| Exercise aim |
Every line in the records below that holds the word "oriented" is to be copied.

| Excerpted data |
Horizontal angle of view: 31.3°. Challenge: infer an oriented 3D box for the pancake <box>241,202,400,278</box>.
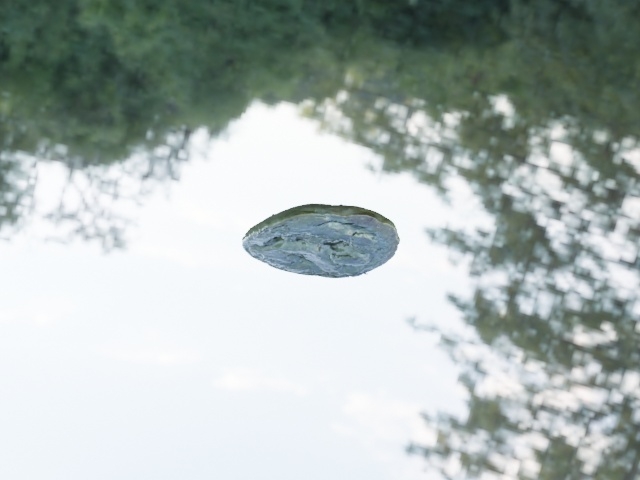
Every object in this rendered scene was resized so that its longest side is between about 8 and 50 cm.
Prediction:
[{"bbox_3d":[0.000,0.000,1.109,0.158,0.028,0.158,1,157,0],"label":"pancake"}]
* * *
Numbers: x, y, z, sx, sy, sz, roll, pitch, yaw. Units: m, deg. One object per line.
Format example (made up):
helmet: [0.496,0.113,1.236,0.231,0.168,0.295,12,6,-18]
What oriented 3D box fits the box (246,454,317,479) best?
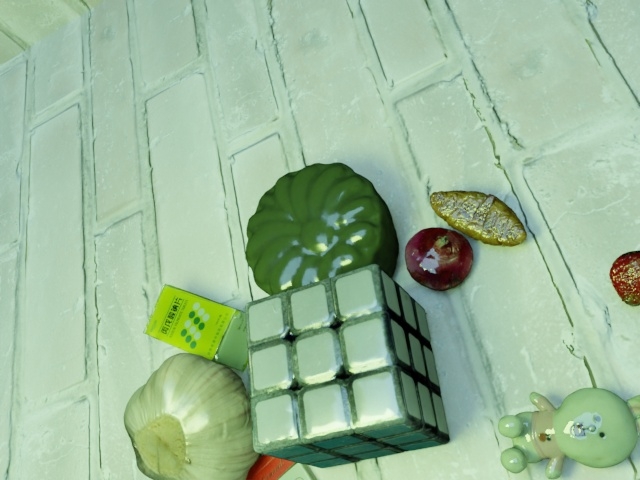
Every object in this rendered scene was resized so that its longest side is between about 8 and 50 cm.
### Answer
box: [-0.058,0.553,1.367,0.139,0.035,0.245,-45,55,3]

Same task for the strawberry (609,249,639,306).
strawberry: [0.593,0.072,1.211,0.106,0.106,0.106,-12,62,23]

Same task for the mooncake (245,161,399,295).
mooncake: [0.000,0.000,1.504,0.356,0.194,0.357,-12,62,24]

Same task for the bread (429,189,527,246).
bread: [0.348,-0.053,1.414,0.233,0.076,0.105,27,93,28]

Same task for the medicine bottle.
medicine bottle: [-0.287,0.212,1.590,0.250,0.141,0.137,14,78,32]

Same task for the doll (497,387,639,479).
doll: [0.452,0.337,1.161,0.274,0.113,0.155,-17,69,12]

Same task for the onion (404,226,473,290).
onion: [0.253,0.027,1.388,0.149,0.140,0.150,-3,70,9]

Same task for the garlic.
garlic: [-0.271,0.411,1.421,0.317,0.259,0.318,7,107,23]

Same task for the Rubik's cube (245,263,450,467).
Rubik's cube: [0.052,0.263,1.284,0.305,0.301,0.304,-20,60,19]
* * *
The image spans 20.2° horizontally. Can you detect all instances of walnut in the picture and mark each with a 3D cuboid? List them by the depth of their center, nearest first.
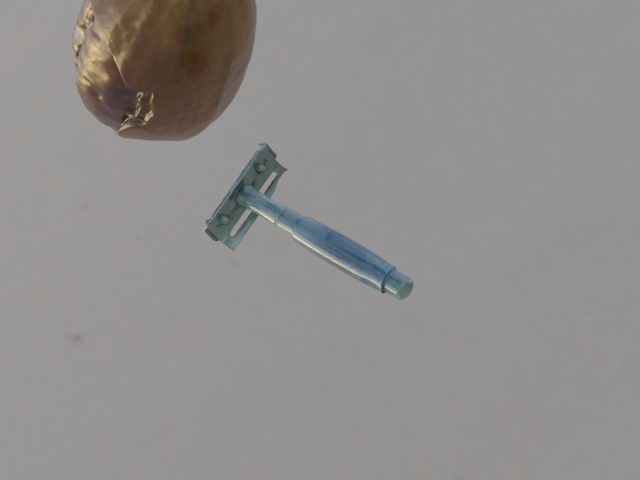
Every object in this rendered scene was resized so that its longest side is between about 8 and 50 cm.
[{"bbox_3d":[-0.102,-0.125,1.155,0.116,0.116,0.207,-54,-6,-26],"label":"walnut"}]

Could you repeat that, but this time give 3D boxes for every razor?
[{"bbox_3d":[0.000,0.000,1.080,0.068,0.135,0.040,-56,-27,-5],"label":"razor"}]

| The answer |
Horizontal angle of view: 31.3°. Challenge: infer an oriented 3D box for the pancake <box>241,202,400,278</box>.
What oriented 3D box fits the box (246,454,317,479) best?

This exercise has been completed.